Solution Batch Normalization

Batch Normalization: Exercise Solutions

Exercise 1: Basic Batch Normalization Calculation

Given:

X = [
    [2, 4, 6],
    [4, 6, 8],
    [6, 8, 10],
    [8, 10, 12]
]

a) Mini-batch mean (μᵦ):
μᵦ = [5, 7, 9]

b) Mini-batch variance (σ²ᵦ):
σ²ᵦ = [5, 5, 5]

c) Normalized values (x̂), ε = 0.01:
x̂ = [
[-1.34, -1.34, -1.34],
[-0.45, -0.45, -0.45],
[0.45, 0.45, 0.45],
[1.34, 1.34, 1.34]
]

d) Final output (y), γ = 2, β = 1:
y = [
[-1.68, -1.68, -1.68],
[0.10, 0.10, 0.10],
[1.90, 1.90, 1.90],
[3.68, 3.68, 3.68]
]

Exercise 2: Backpropagation through Batch Normalization

Given: x = [1, 2, 3], ∂L/∂x̂ = [0.1, 0.2, 0.3], ε = 0.01

First, calculate intermediate values:
μ = 2, σ² = 0.6667, σ = 0.8165

a) ∂L/∂x:
∂L/∂x = [0.0068, 0.0167, 0.0265]

b) ∂L/∂μ:
∂L/∂μ = -0.05

c) ∂L/∂σ²:
∂L/∂σ² = -0.0637

Exercise 3: Effect of Batch Size on Normalization

Given: X = [1, 2, 3, 4, 5, 6]

a) Single batch of 6 samples:
μ = 3.5, σ² = 2.9167
x̂ = [-1.4567, -0.8740, -0.2913, 0.2913, 0.8740, 1.4567]

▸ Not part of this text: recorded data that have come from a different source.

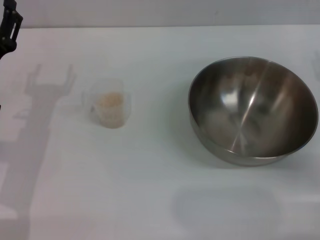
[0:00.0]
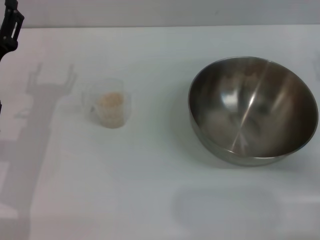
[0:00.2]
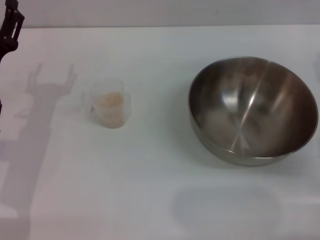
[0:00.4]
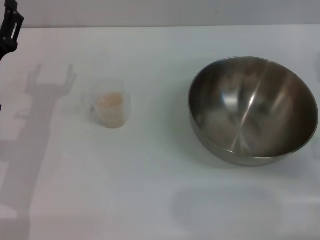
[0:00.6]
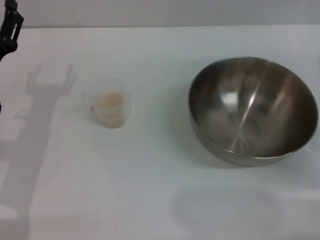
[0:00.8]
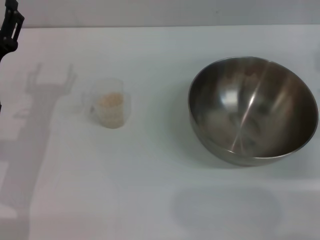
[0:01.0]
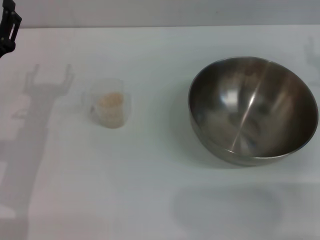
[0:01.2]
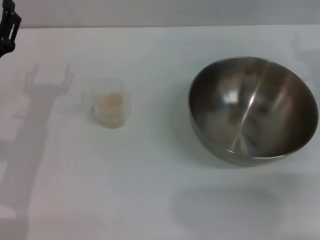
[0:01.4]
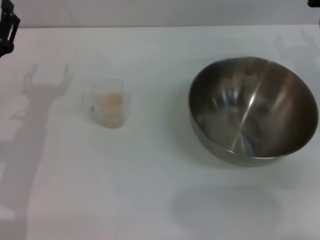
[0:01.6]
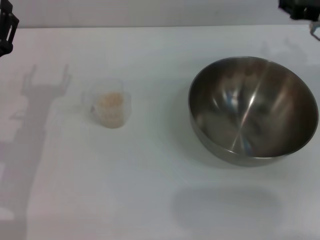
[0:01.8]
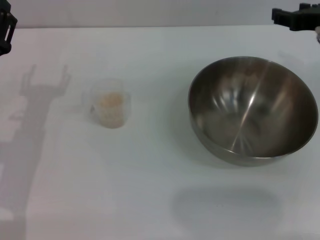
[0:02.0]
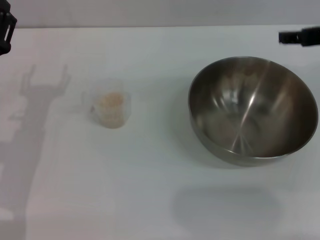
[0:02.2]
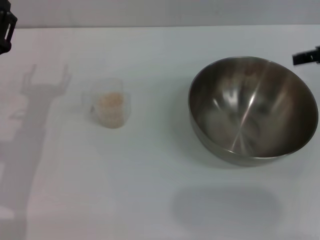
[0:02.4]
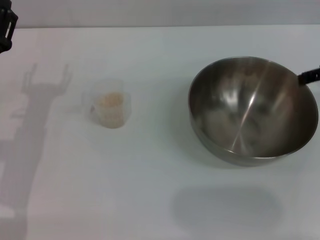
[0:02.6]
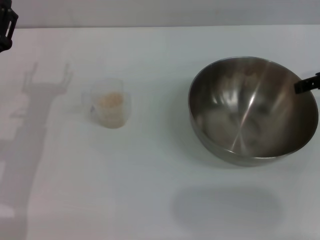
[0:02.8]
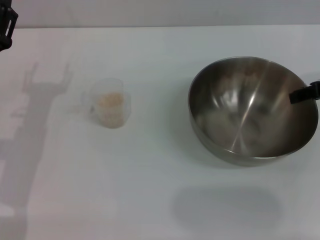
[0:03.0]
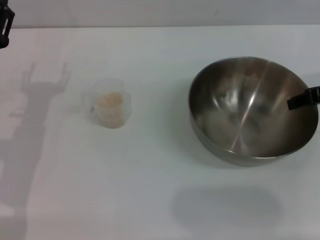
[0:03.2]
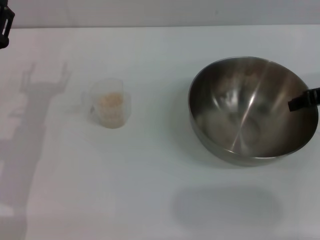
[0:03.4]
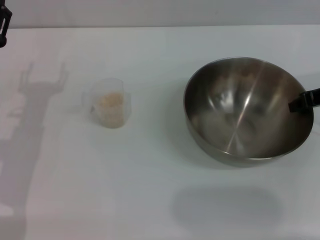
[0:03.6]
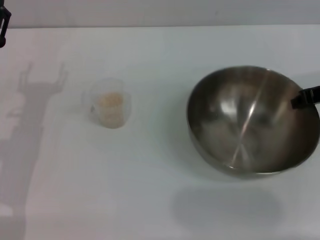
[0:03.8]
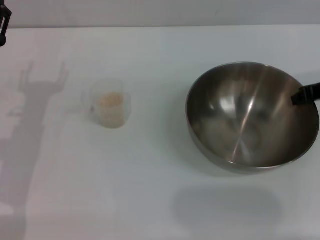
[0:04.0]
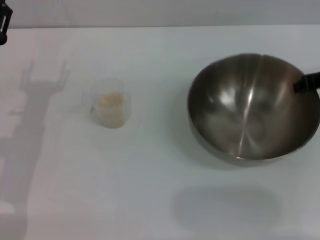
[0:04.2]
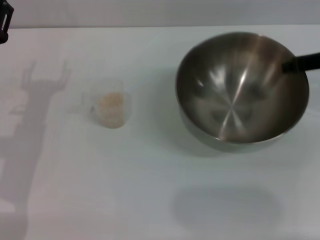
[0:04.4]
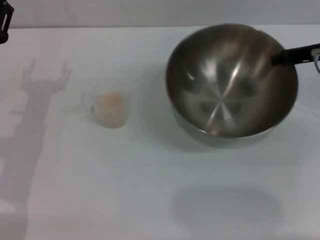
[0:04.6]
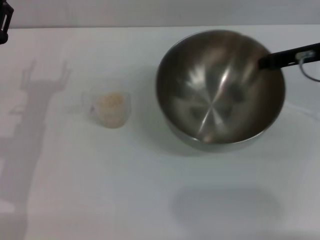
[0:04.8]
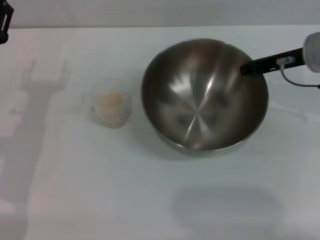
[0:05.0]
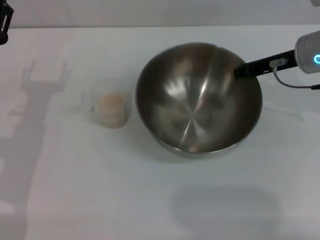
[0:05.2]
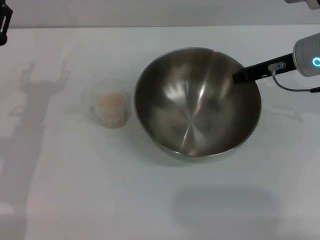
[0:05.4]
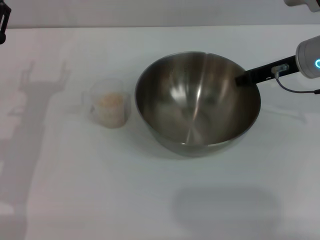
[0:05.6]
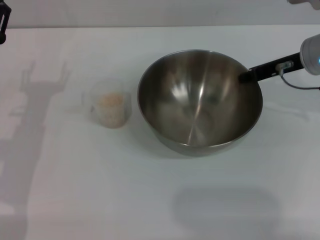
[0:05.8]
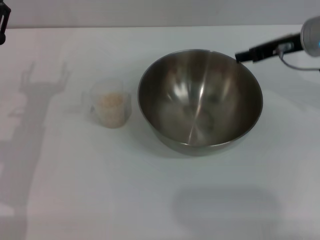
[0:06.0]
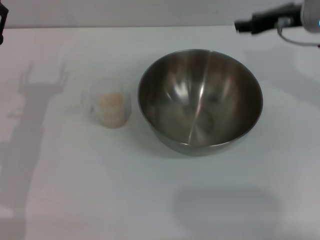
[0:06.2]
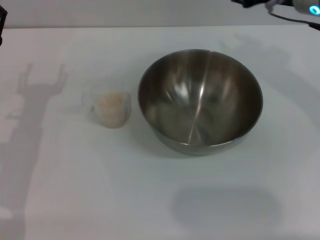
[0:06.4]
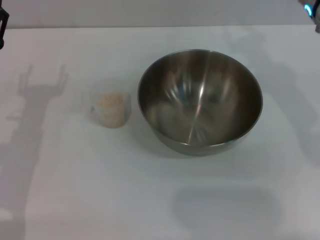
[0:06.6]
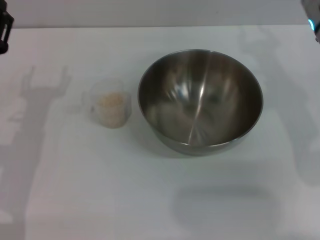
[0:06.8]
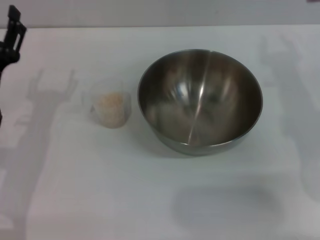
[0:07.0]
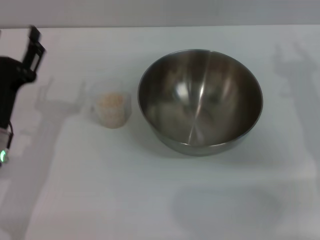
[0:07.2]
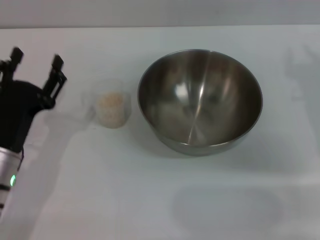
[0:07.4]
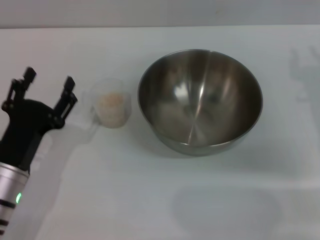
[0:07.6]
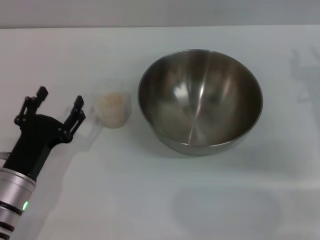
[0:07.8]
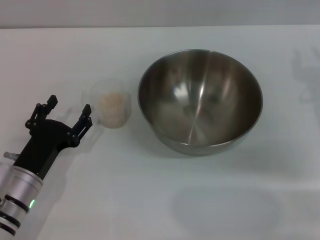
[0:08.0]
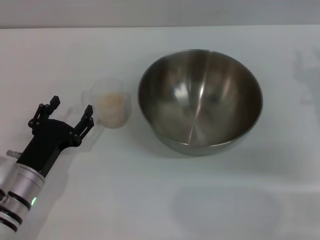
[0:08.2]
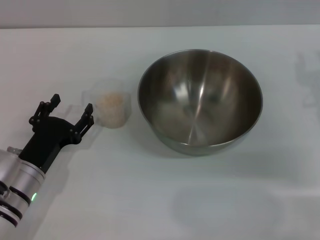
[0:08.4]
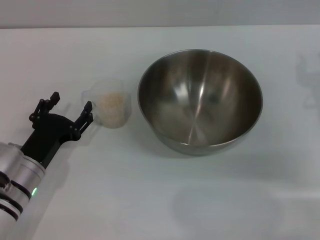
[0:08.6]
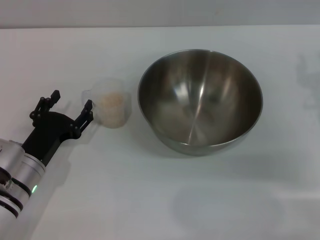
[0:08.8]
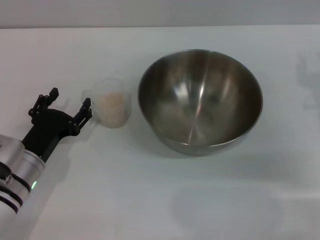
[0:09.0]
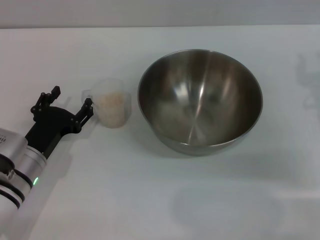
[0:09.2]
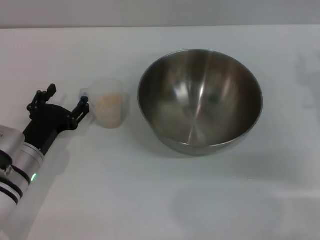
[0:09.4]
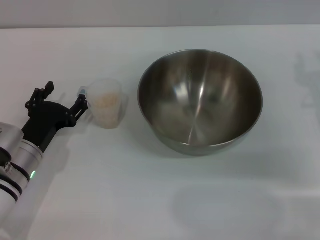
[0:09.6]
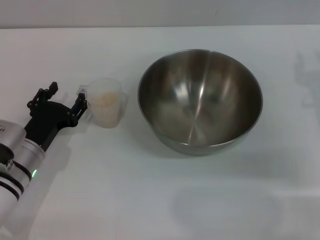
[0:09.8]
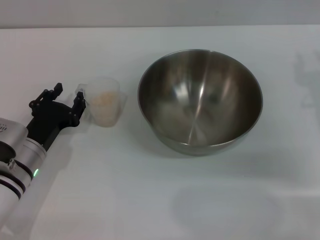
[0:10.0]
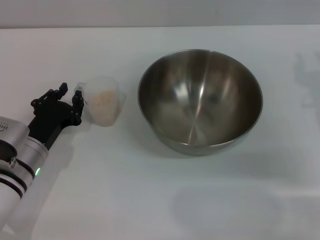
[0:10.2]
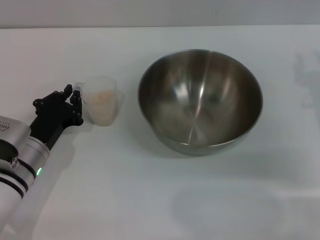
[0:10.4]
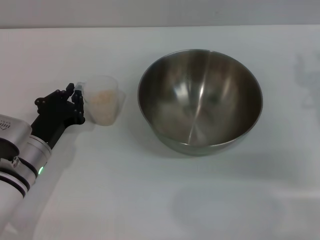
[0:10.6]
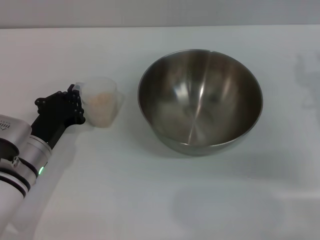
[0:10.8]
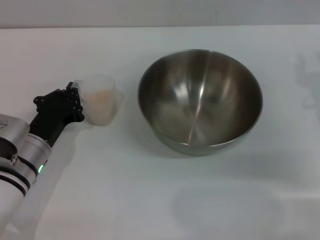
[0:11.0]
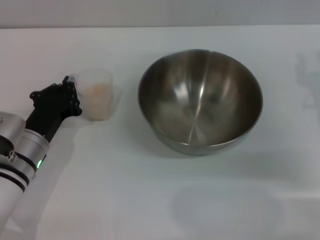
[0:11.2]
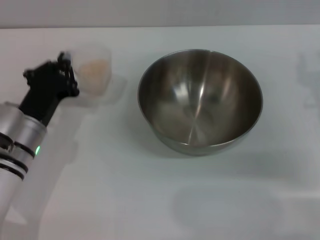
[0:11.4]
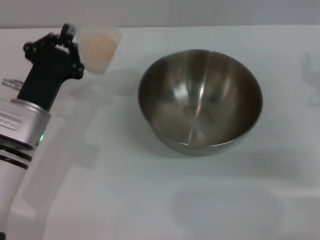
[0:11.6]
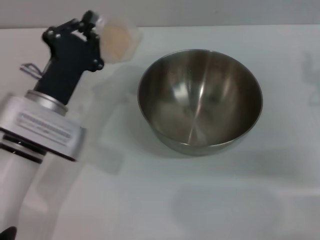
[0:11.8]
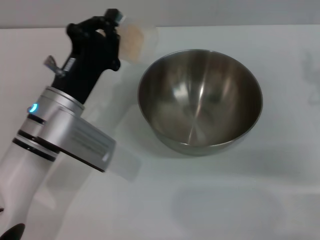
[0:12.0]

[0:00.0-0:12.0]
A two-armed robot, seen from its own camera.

b) Two mini-batches of 3 samples:
Batch 1: μ = 2, σ² = 0.6667
x̂₁ = [-1.2247, 0, 1.2247]

Batch 2: μ = 5, σ² = 0.6667
x̂₂ = [-1.2247, 0, 1.2247]

The smaller batch size leads to different normalization results for the same data points, as each batch is normalized independently.

Exercise 4: Conditional Batch Normalization

Given:
Class 0: [1, 2, 3], γ₀ = 1, β₀ = 0
Class 1: [4, 5, 6], γ₁ = 2, β₁ = 1

For Class 0:
μ₀ = 2, σ²₀ = 0.6667
x̂₀ = [-1.2247, 0, 1.2247]
y₀ = [-1.2247, 0, 1.2247]

For Class 1:
μ₁ = 5, σ²₁ = 0.6667
x̂₁ = [-1.2247, 0, 1.2247]
y₁ = [-1.4494, 1, 3.4494]

Bonus Challenge: Adaptive Normalization

One possible solution:
γ = |μ|, β = sign(μ)

y = |μ| * ((x - μ) / √(σ² + ε)) + sign(μ)

Reasoning: This scheme adapts the scale (γ) based on the magnitude of the mean, and the shift (β) based on whether the mean is positive or negative. This could help preserve information about the original scale and sign of the data while still normalizing.